Not all serious “missing of the mark” involves needles.  But some does.  And life often hangs in the balance.

This sort of “mark-missing” requires a different sort of theological reflection.  While it is true that our small acts are organically connected to our large acts, to equate everyday failings with life-and-death errors trivializes both the crimes we commit and (from a very different angle) the risks we require people to take for our sake.

Trivializing crimes leads to demands that we forgive them as easily as we dismiss slights and insults.  This leads us to deep misunderstandings of our life together.  We harm each other in big and small ways, and imagining that it is all the same to God leads to the (I think, inevitable) conclusion that God is too far away to understand our life.

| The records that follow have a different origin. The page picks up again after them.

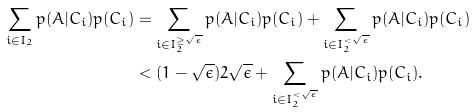Convert formula to latex. <formula><loc_0><loc_0><loc_500><loc_500>\sum _ { i \in I _ { 2 } } p ( A | C _ { i } ) p ( C _ { i } ) & = \sum _ { i \in I _ { 2 } ^ { \geq \sqrt { \epsilon } } } p ( A | C _ { i } ) p ( C _ { i } ) + \sum _ { i \in I _ { 2 } ^ { < \sqrt { \epsilon } } } p ( A | C _ { i } ) p ( C _ { i } ) \\ & < ( 1 - \sqrt { \epsilon } ) 2 \sqrt { \epsilon } + \sum _ { i \in I _ { 2 } ^ { < \sqrt { \epsilon } } } p ( A | C _ { i } ) p ( C _ { i } ) .</formula> 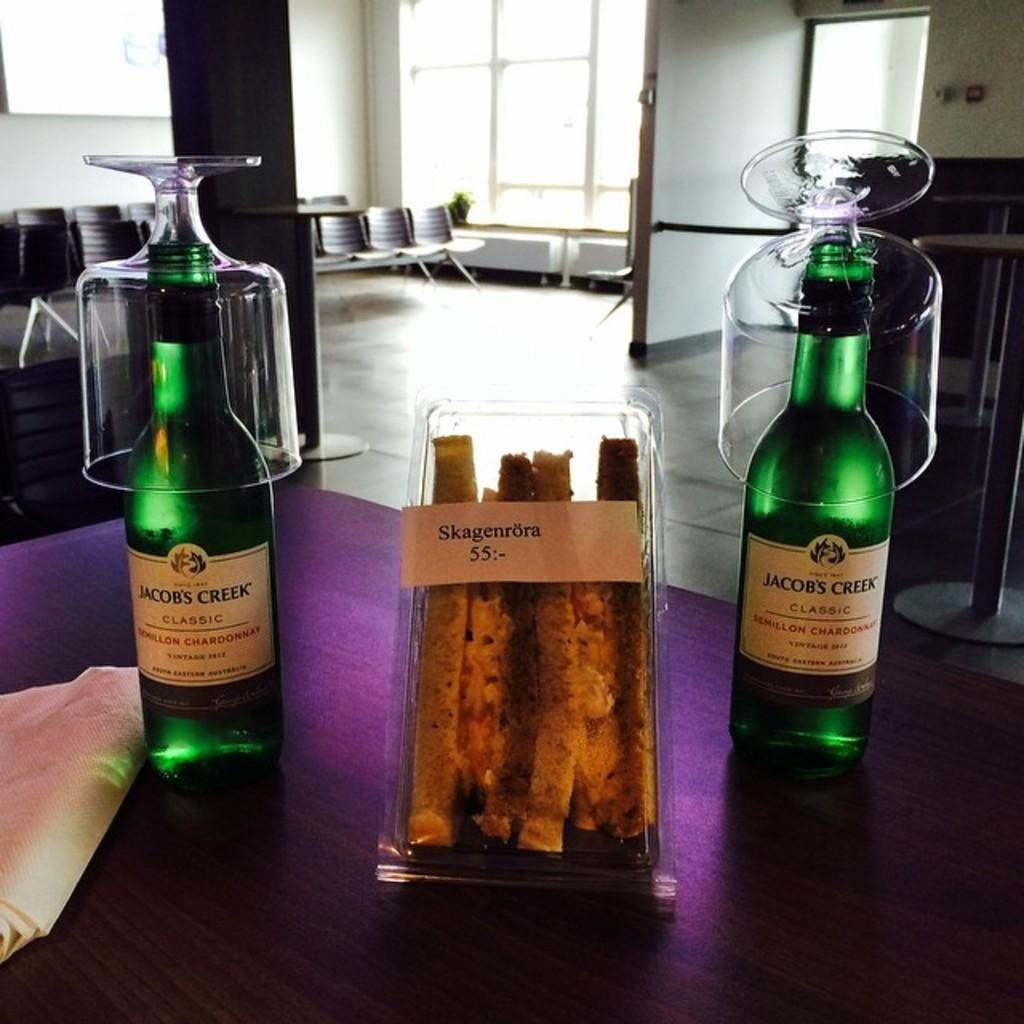Provide a one-sentence caption for the provided image. two beer bottles that say Jacob's Creek on them. 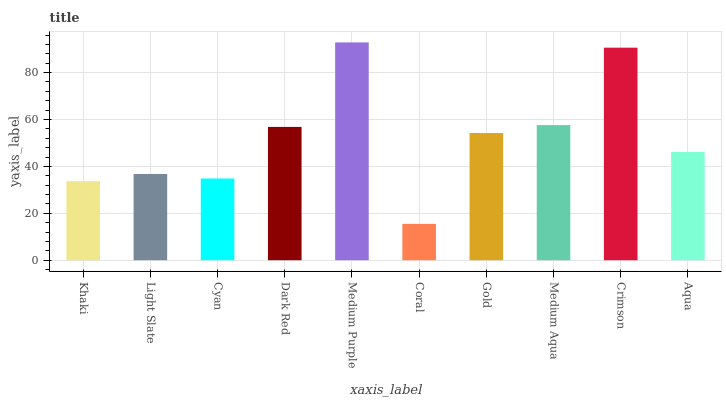Is Coral the minimum?
Answer yes or no. Yes. Is Medium Purple the maximum?
Answer yes or no. Yes. Is Light Slate the minimum?
Answer yes or no. No. Is Light Slate the maximum?
Answer yes or no. No. Is Light Slate greater than Khaki?
Answer yes or no. Yes. Is Khaki less than Light Slate?
Answer yes or no. Yes. Is Khaki greater than Light Slate?
Answer yes or no. No. Is Light Slate less than Khaki?
Answer yes or no. No. Is Gold the high median?
Answer yes or no. Yes. Is Aqua the low median?
Answer yes or no. Yes. Is Cyan the high median?
Answer yes or no. No. Is Gold the low median?
Answer yes or no. No. 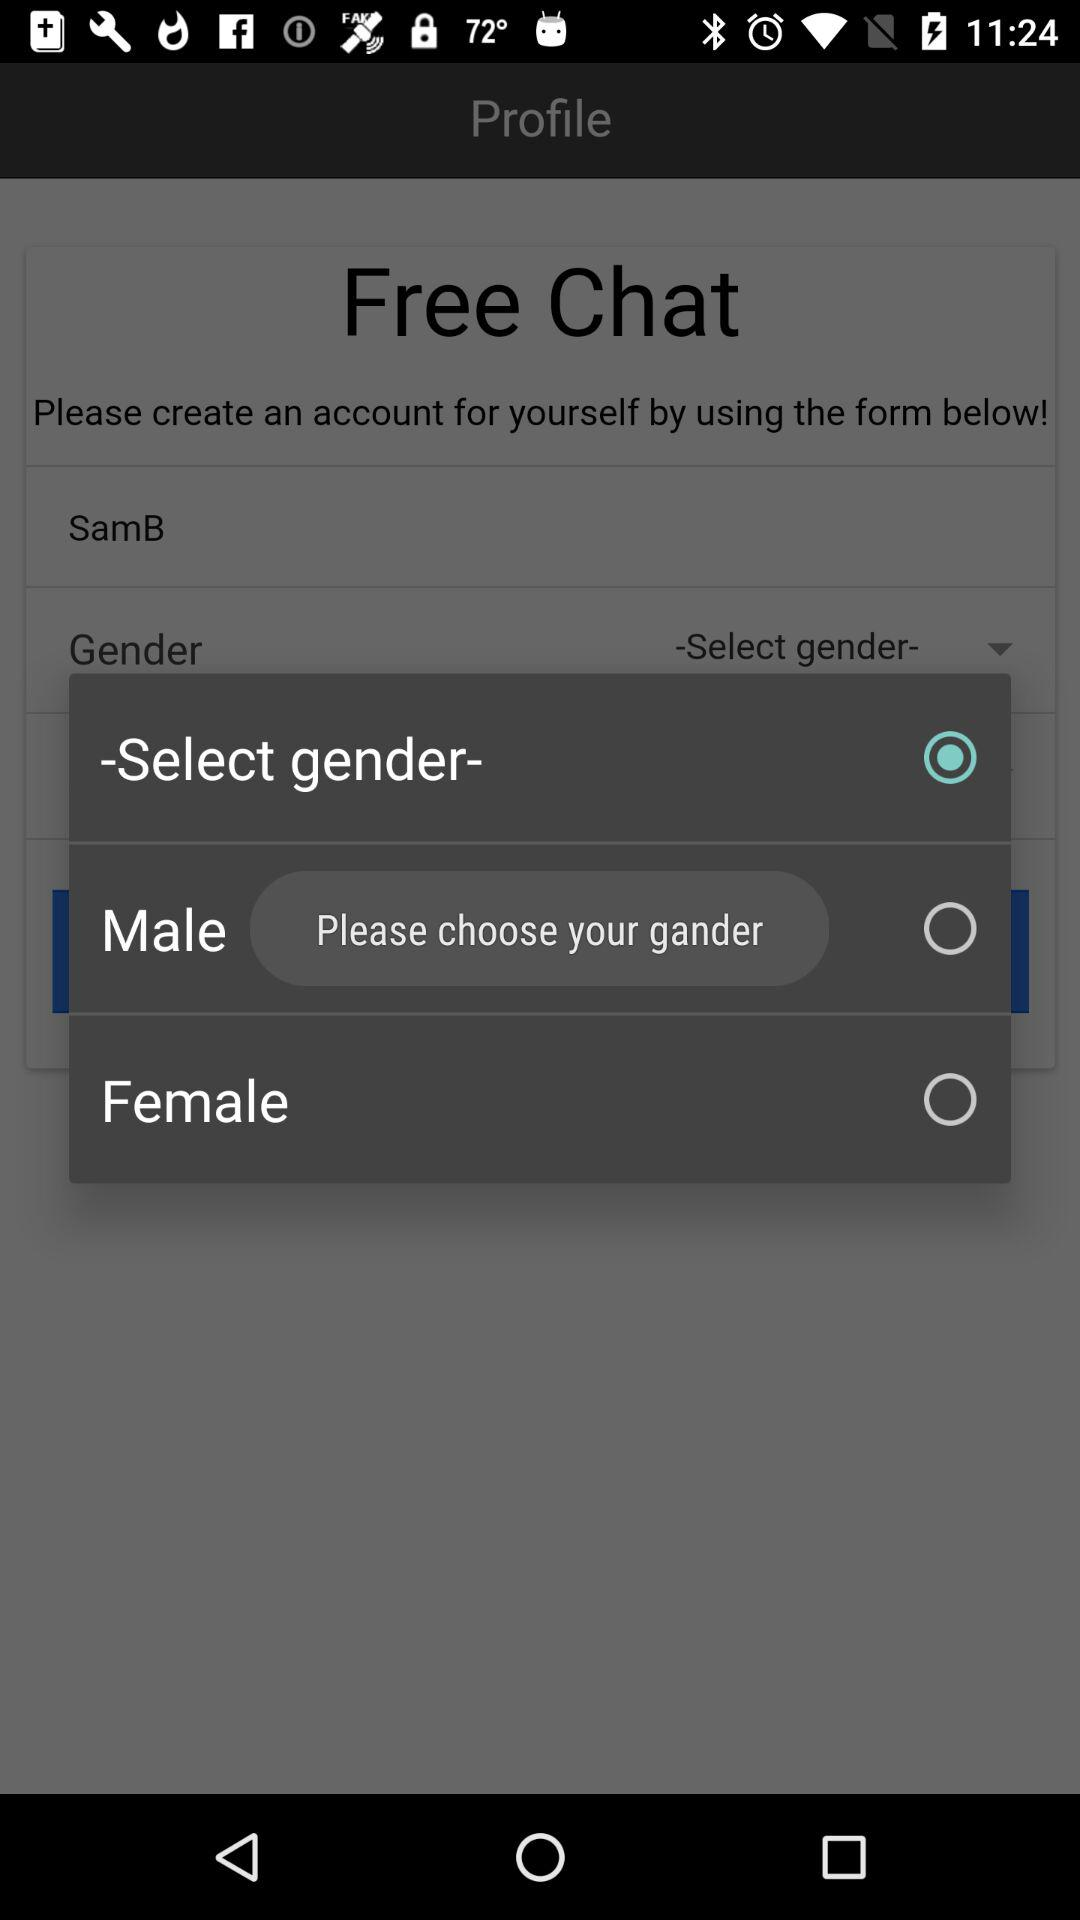What is the given option for gender? The given options are "Male" and "Female".

And imagining that it is the same thing for me to make a mistake while teaching a class as it is for a physician to make a mistake with a large gauge needle is simply foolish.  We ask physicians to dare to hold life in their hands.  We ask people in the armed forces to learn to kill, and to learn not to.  We ask firefighters and people in law enforcement to run toward danger, not away from it.  All of this comes with a cost, to the individual person and to society.  And when such people “miss the mark,” the outcomes are sometimes terrible.  A physician who handles life carelessly commits a great wrong, as does a military leader who wastes the lives of those under his command.  And a police officer who brutally beats a citizen during a traffic stop destroys our ability to live together and trust each other.

Any decent theology will shine light both on the fearsome responsibilities we ask people to take on and on the ways small sins and large crimes grow out of the same root (when they, in fact, do).

And any decent theology will train us to do justice, love kindness, and walk humbly with the God who loves the whole of Creation, us included.  This may be what the Messiah is instructing us to discover.